しかし周りをきょろきょろと見渡しても他には特に食べさせられそうなものは見当たらない。


食料の問題がなければ干し肉なんかも食べさせてみたかったが、今この状況においてそんなことを出来るほど俺の頭はお花畑じゃない。


カリンッ・・・。


ダガーの上に小石を乗っける。


『スキル:武具石化を習得しました。』


つまりこれは武器の素材を石にできるってことか?

なんだか・・・弱そうだが。


「とりあえず・・・。」


拠点に戻る。

といってもすぐそばの壁をよじ登るだけだが。


「さてさて・・・。」


そういえばだが、レベルが上がってスキルポイントがたまっていた。

だが、ノアがいるならまだいいかと後回しにする。


今は・・・。


「ノア、水鉄砲!」


『了解しました。』


ダガーの形がみるみるうちに変わっていく。

あれだけ硬かったダガーがぐにゃりぐにゃりとうねる。


少ししてその動きは止まる。

出来上がったそれはタンクがついたハンドガンのようなものだった。

一体どの程度の威力のものなのか。


武器の形が変わるという演出のおかげで期待値も高まる。


「・・・。」


ぴゅ~・・・。


「・・・おい、嘘だろ。」


『冗談です。』


ザァァアアアアアアッ!!


最初は駄菓子屋に売っているおもちゃの水鉄砲程度の弱々しい威力だったが、それはまたいつものノアジョークですぐに消防車のホースから出るような威力の水になる。

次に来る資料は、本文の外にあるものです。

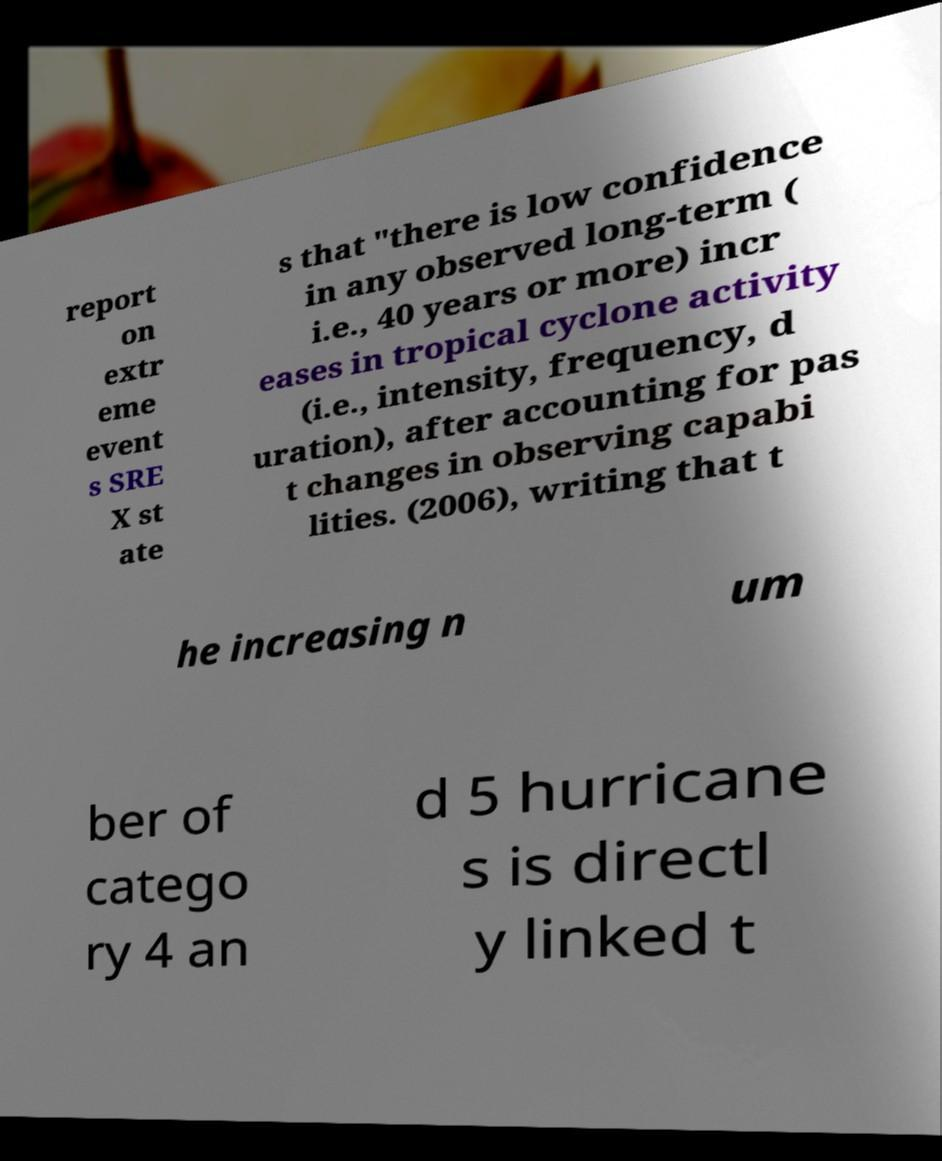Please read and relay the text visible in this image. What does it say? report on extr eme event s SRE X st ate s that "there is low confidence in any observed long-term ( i.e., 40 years or more) incr eases in tropical cyclone activity (i.e., intensity, frequency, d uration), after accounting for pas t changes in observing capabi lities. (2006), writing that t he increasing n um ber of catego ry 4 an d 5 hurricane s is directl y linked t

こいつは人工知能のようなのに冗談を頻繁にかましてきやがる。

変なやつだ。


「わっふーい!」


めっちゃ楽しい。


『空気中の魔力で生成するため弾切れなし、お気に召しましたか?』


「ああ!」


楽しくはあるがあんまり遊んでいると魔物の襲撃を受けかねないので、これくらいにしておく。

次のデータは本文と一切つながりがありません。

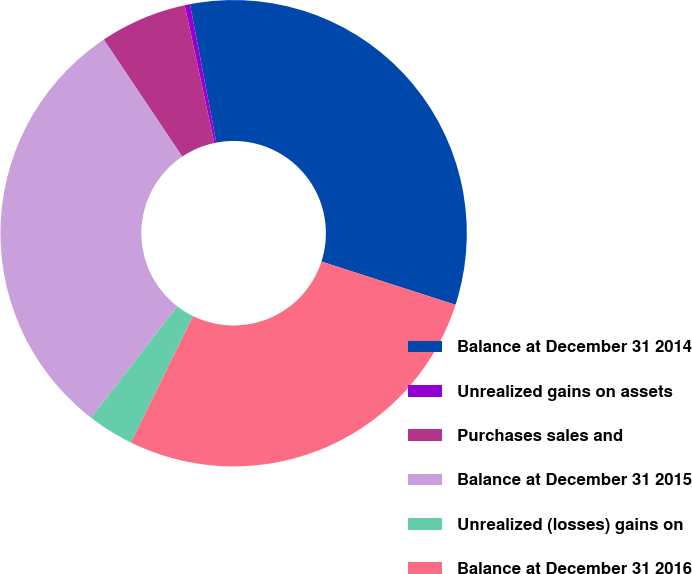Convert chart. <chart><loc_0><loc_0><loc_500><loc_500><pie_chart><fcel>Balance at December 31 2014<fcel>Unrealized gains on assets<fcel>Purchases sales and<fcel>Balance at December 31 2015<fcel>Unrealized (losses) gains on<fcel>Balance at December 31 2016<nl><fcel>32.96%<fcel>0.37%<fcel>6.04%<fcel>30.13%<fcel>3.21%<fcel>27.29%<nl></chart>

「ふぅ・・・それと、結晶の武器ってのはどんなんだ?」


『水に触れると爆発するのでお気をつけを。』


カリンカリンカリン・・・。


硬いもの同士をぶつけたような甲高い音が無数に響く。

響くといってもうるさくはなく、むしろ心地がいいくらいだ。


そして、俺の手の中にはいつもの黒くて無骨なダガーではなく半透明で青白く光る美しい短剣が姿をあらわす。

長さが通常状態のダガーより多少伸びている気がする。

でこぼことして切れ味はさほどよくはなさそうだが、リーチが長いのは戦闘において重要だ。


光っているというのは長所にも短所にもなるな。

暗闇での明かり代わりになるのは嬉しいが、めだってしょうがない。


「最後に石の武器を。」


『はい。』


メキメキ・・・。


今度は地面が割れるような音がする。

何度見ても他の武器に変わる瞬間というのは不思議だ。

こちらの世界では魔法もあるんだし普通なのかもしれないが。


変化した後の姿は片刃の真っ直ぐと伸びた直剣だった。

刃は幅広で、表面がざらざらしている。

リーチでいえば今のとこ一番かもしれないが、切れ味、耐久力ともにあまりなさそうだ。


「今あるのはこんなとこか・・・。」


さてさて、どう地上に戻ったものか・・・。


俺は地下1500メートルで一人唸りをあげた。